Others from rural communities looking to make their way into the cities to find work agree to contracts that pay their passage. This was also seen in colonial American with poorer Europeans looking for passage to the New World. However, unlike most Europeans at that time modern contracts bind that individual to certain jobs with the base amount continually increasing. This debt can accrue over generations trapping individuals and their families in the same cycle of poverty they were working towards escaping.

10 Million Enslaved in Bondage Labor Worldwide - Photo of two men working outside in a traditional textile dyeing factory. They are using the color red - Cait Bagby

What Industries Use Bonded Slavery?

Rice mills, farms, brick kilns, embroidery factories, construction, commercial fishing, and domestic servitude are the primary industries but bonded slavery can be found in just about every sector. The Sumangali Scheme in the Tamil Nadu textile and garment industry made global headlines when women started to speak out about the working conditions and impossible contracts. Young girls were (in 2018 Labour and Employment Minister Nilofer Kafeel and Textile Minister O.S. Manian said the scheme was no longer practiced however, many believe it has moved further underground) recruited to work in cotton spinning mills for three to five years in exchange for a grand sum upon completion of their contract. Unknown to these girls their room, board, food, and other expenses were being subtracted from their promised sum. 

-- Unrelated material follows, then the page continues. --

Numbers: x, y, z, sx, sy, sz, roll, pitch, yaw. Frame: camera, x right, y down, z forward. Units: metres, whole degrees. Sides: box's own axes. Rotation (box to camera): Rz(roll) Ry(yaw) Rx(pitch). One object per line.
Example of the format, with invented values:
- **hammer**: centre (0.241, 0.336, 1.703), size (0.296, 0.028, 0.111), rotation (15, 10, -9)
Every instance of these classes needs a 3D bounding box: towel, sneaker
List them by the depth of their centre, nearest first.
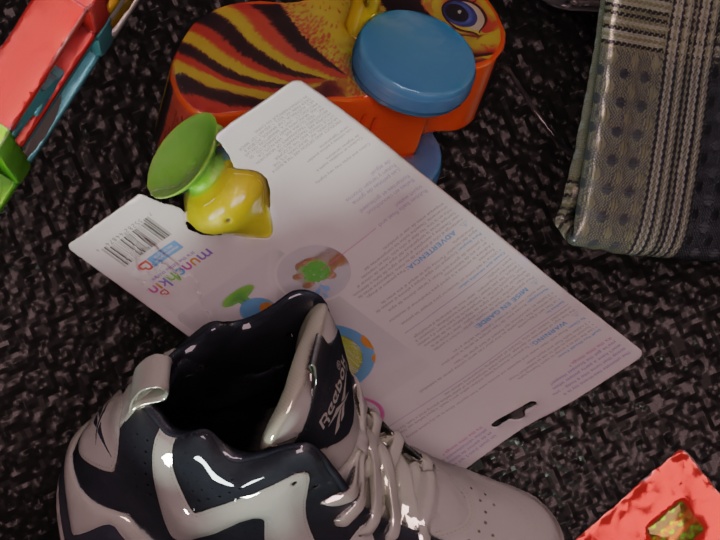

Should that sum be diminished the girls would continue to work unaware of their mounting expenses. Additionally, living and working conditions could be and often were dangerous. In one story a young woman, Vasandi, tells how they were locked in at night and unable to visit or speak with family. Many of the girls were injured or became ill from unsafe working environments. Those who made it to the end of their contracts were fired just before receiving any wages but most never reached that point either from quitting, injury, or in some cases death.

10 Million Enslaved in Bondage Labor Worldwide

What Can Be Done To End This Practice

Lack of education and generational poverty are key contributors leading to continuation of bondage labor. The Rotarian Action Group Against Slavery (RAGAS) with the help of others works towards eradicating debt slavery through education. Through education individuals are better able to understand the types of contracts they sign and also provide skills so seek out alternative employment opportunities. Potential employers actively work against these organizations, who often operate in secret, to dissuade youth from attending lessons. Education will also help to prevent generational poverty leading many potential bonded laborers to borrow money from unscrupulous lenders. 

A third and equally important contributing factor is rule of law which is either lacking in the case of the Democratic Republic of Congo or absolute in the case of North Korea. Both prevent appropriate oversight and prosecution of responsible parties. And yet, at the international level many refuse to hold individuals or governments accountable especially when bonded labor contributes to the global supply chain. This is most notable in the mineral mines across Africa which are key to the creation of modern electronics. 

A call for transparency along supply chains, education, accountability, prosecution, and strengthened international laws will all be needed to eradicate bondage labor and other forms of slavery. But as some countries turn towards isolationism the question remains do we care so long as goods keep arriving at our doorstep?